Conflict-of-interest statement: The authors declare that there are no conflicts of interest related to this work. No financial, personal, or professional relationships have influenced the preparation or submission of this manuscript.
Corresponding author: Burak Tasci, Vocational School of Technical Sciences, Firat University, Cahit Arf Street, Elazig 23119, Türkiye. btasci@firat.edu.tr
Received: November 12, 2025 Revised: December 6, 2025 Accepted: February 3, 2026 Published online: May 19, 2026 Processing time: 169 Days and 0.4 Hours
Core Tip
Core Tip: Schizophrenia remains one of the most complex psychiatric disorders, characterized by profound neurobiological, cognitive, and social dysfunctions.
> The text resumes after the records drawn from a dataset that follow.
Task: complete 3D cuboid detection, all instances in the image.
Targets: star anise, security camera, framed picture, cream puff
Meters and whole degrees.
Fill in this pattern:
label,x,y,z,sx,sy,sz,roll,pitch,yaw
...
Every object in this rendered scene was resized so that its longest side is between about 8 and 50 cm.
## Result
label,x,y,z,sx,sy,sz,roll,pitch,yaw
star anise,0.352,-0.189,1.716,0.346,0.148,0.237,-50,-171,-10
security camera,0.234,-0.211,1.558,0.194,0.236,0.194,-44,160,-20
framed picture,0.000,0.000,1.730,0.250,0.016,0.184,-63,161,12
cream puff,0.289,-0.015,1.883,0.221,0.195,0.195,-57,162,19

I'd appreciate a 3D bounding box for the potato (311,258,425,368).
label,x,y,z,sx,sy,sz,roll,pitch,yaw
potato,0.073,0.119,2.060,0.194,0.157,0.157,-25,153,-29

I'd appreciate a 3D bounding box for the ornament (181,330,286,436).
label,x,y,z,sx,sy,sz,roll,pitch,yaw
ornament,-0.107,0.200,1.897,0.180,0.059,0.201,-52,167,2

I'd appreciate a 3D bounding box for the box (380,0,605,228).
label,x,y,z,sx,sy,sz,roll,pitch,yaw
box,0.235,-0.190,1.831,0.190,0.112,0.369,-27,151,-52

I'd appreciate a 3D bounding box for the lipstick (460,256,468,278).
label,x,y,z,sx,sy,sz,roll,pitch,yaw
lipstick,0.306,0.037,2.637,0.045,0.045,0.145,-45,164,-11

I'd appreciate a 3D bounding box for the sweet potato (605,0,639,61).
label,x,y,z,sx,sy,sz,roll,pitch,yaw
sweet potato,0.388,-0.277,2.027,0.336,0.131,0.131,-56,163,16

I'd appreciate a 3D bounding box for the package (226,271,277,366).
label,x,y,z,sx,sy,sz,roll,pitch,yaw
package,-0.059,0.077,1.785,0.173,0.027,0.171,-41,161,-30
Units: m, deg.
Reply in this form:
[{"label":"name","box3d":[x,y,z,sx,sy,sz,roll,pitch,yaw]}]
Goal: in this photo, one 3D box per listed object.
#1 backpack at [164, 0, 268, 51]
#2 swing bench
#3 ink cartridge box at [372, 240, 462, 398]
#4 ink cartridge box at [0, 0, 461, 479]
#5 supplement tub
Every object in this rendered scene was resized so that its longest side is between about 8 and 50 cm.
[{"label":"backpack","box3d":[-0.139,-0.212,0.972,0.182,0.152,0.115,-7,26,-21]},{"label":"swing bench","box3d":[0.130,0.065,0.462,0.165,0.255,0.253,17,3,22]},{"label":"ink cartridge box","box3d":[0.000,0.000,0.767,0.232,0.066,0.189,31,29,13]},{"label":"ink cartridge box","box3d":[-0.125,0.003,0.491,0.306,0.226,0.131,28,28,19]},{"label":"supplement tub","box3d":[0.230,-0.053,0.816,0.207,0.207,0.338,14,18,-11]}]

Despite decades of clinical and neuroimaging research, diagnosis still depends largely on subjective observation. This review integrates classical perspectives on epidemiology, etiology, and treatment with recent developments in artificial intelligence (AI). It highlights how AI-driven models-particularly those analyzing neuroimaging and electroencephalography data-offer objective insights into brain alterations and symptom mechanisms. By bridging traditional psychiatry with emerging computational tools, the paper outlines a roadmap for early detection, personalized intervention, and transparent decision support in schizophrenia care.